PROBLEM TO WORK ON >>
From the entries that follow, gather each line holding the word "CENTER".

Dataset records:
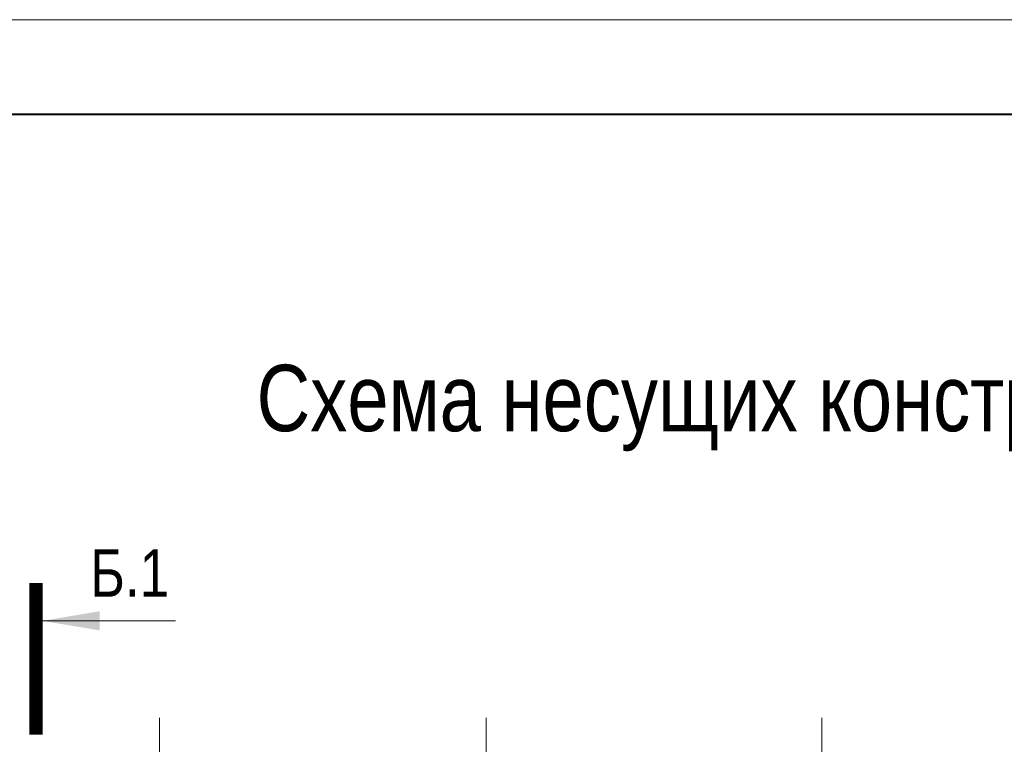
# Model space of a CAD drawing. Extents: x 26966 to 148137, y 549733 to 633733.
# Tile 21 of 29: x 61263 to 71639, y 626100 to 633733. Entities that reach past the tile are written whole.
import ezdxf
from ezdxf.enums import TextEntityAlignment as Align

# ---------------------------------------------------------------- set-up
doc = ezdxf.new("R2010")
doc.units = 0
doc.header["$LTSCALE"] = 1000
doc.header["$MEASUREMENT"] = 0
doc.linetypes.add('CENTER', pattern=[2, 1.25, -0.25, 0.25, -0.25])
for name, color, linetype, lineweight in [('СК-100-О(си)', 7, 'CENTER', 15), ('СК-200-Р(амка)', 7, 'Continuous', 40), ('СК-210-Р-РАМКА ЛИНИИ ТОНКИЕ', 7, 'Continuous', 15), ('СК-220-Р-РАМКА ТЕКСТ', 7, 'Continuous', 15), ('СК-300-Р(азмеры)', 7, 'Continuous', 20), ('СК-400-Т(екст)', 7, 'Continuous', 20), ('СК-500-С(ечения)', 5, 'Continuous', 40)]:
    doc.layers.add(name, color=color, linetype=linetype, lineweight=lineweight)
doc.styles.add('ARIAL_annotative', font='arial.ttf', dxfattribs={"width": 0.8, "height": 2.5})
doc.styles.add('RUSS', font='arial.ttf', dxfattribs={"width": 0.8})

# ---------------------------------------------------------------- blocks, each defined once
blk = doc.blocks.new('оси')
at = {"layer": 'СК-100-О(си)'}
for p, q in [((-28729.8, 18534.9), (-28729.8, -11023.5)), ((-25290.2, 18534.9), (-25290.2, -11023.5)), ((-21750, 18534.9), (-21750, -11023.5))]:
    blk.add_line(p, q, dxfattribs=at)
blk = doc.blocks.new('A$C858fb3ef')
at = {"layer": 'СК-300-Р(азмеры)'}
blk.add_blockref('оси', (0, 0), dxfattribs=at)
blk = doc.blocks.new('A$C573b34c5')
blk.add_blockref('A$C858fb3ef', (0, 0))
blk = doc.blocks.new('Сечение')
at = {"layer": 'СК-500-С(ечения)', "linetype": 'Continuous', "lineweight": 15, "ltscale": 100}
blk.add_line((-200, -35), (-200, -735), dxfattribs=at)
at = {"layer": 'СК-500-С(ечения)', "linetype": 'Continuous', "ltscale": 100, "const_width": 70}
blk.add_lwpolyline([(-400, 0), (400, 0)], dxfattribs=at)
at = {"layer": 'СК-500-С(ечения)', "linetype": 'Continuous', "ltscale": 100}
blk.add_solid([(-200, -35), (-250.3, -335.5), (-149.7, -335.5)], dxfattribs=at)
blk = doc.blocks.new('*U44')
at = {"layer": 'СК-400-Т(екст)', "ltscale": 100, "xscale": 0.01, "yscale": 0.01, "zscale": 0.01, "rotation": 89.99999999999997}
blk.add_blockref('Сечение', (0, -125.301), dxfattribs=at)
at = {"layer": 'СК-500-С(ечения)', "color": 0, "ltscale": 100, "style": 'ARIAL_annotative', "width": 0.8}
blk.add_attdef('НОМЕР_СЕЧЕНИЯ_1_1(НОМЕР_ЛИСТА)', text='', height=2.5, rotation=180, dxfattribs=at).set_placement((6.74, -1.226), align=Align.RIGHT)
blk.add_attdef('НОМЕР_СЕЧЕНИЯ_2_1(НОМЕР_ЛИСТА)', text='', height=2.5, rotation=180, dxfattribs=at).set_placement((6.74, -127.335), align=Align.BOTTOM_LEFT)

msp = doc.modelspace()

# ---------------------------------------------------------------- linework, layer by layer
at = {"layer": 'СК-200-Р(амка)'}
msp.add_line((144765.8, 632733), (30965.8, 632733), dxfattribs=at)
at = {"layer": 'СК-210-Р-РАМКА ЛИНИИ ТОНКИЕ'}
msp.add_line((26965.8, 633733), (145765.8, 633733), dxfattribs=at)

# ---------------------------------------------------------------- block references
at = {"layer": 'СК-300-Р(азмеры)'}
msp.add_blockref('A$C573b34c5', (91467.5, 607842.9), dxfattribs=at)
at = {"layer": 'СК-500-С(ечения)'}
ref = msp.add_blockref('*U44', (61433.2, 601939.9), dxfattribs=dict(at, xscale=-200, yscale=200, zscale=200, rotation=180))
ref.add_attrib('НОМЕР_СЕЧЕНИЯ_2_1(НОМЕР_ЛИСТА)', 'Б.1', dxfattribs={"color": 1, "ltscale": 100, "height": 500, "style": 'ARIAL_annotative', "width": 0.8}).set_placement((62005.4, 627904.8), align=Align.MIDDLE_LEFT)

# ---------------------------------------------------------------- texts
at = {"layer": 'СК-220-Р-РАМКА ТЕКСТ', "color": 7, "style": 'RUSS', "width": 0.8}
msp.add_text('Схема несущих конструкций 1-го этажа.', height=700, dxfattribs=at).set_placement((63759.5, 629397.7))

doc.saveas('drawing.dxf')

ANSWER SPACE >>
doc.linetypes.add('CENTER', pattern=[2, 1.25, -0.25, 0.25, -0.25])
for name, color, linetype, lineweight in [('СК-100-О(си)', 7, 'CENTER', 15), ('СК-200-Р(амка)', 7, 'Continuous', 40), ('СК-210-Р-РАМКА ЛИНИИ ТОНКИЕ', 7, 'Continuous', 15), ('СК-220-Р-РАМКА ТЕКСТ', 7, 'Continuous', 15), ('СК-300-Р(азмеры)', 7, 'Continuous', 20), ('СК-400-Т(екст)', 7, 'Continuous', 20), ('СК-500-С(ечения)', 5, 'Continuous', 40)]:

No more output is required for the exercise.